AIM OF THE EXERCISE: Look through the entries below and count the lines with the word "grid" in them; give only the number.

MATERIAL PROVIDED:
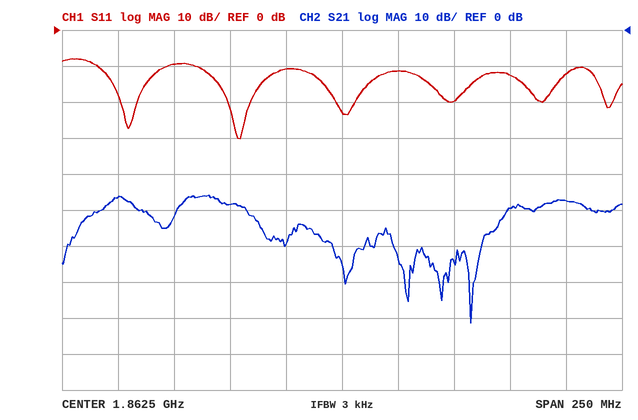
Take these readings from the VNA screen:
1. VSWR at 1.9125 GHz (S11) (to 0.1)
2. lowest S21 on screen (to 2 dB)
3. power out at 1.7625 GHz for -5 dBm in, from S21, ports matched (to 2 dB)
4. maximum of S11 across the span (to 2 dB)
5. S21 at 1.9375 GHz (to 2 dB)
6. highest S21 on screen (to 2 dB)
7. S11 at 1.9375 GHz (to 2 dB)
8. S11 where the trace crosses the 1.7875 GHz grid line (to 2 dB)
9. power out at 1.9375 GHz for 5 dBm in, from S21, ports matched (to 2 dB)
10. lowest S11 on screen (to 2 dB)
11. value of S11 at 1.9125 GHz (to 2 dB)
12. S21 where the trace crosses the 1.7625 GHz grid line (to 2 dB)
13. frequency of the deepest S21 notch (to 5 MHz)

1.2
-82 dB
-52 dBm
-8 dB
-50 dB
-46 dB
-12 dB
-10 dB
-44 dBm
-30 dB
-20 dB
-46 dB
1.920 GHz
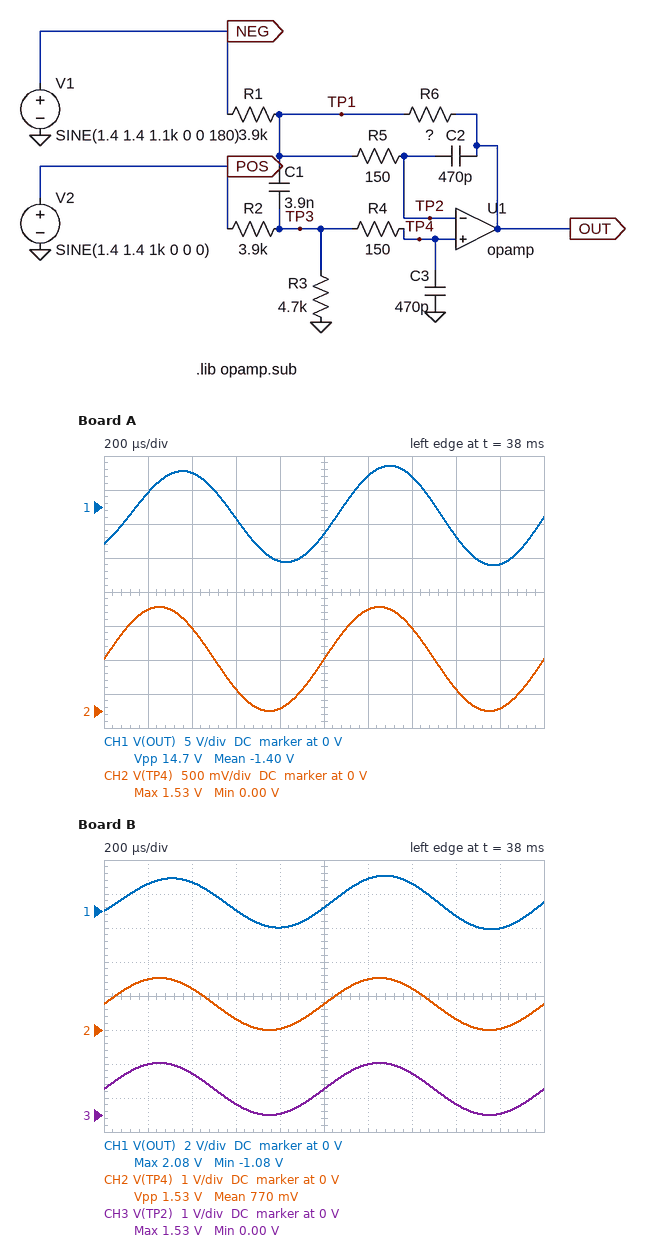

YOUR RESPONSE: 2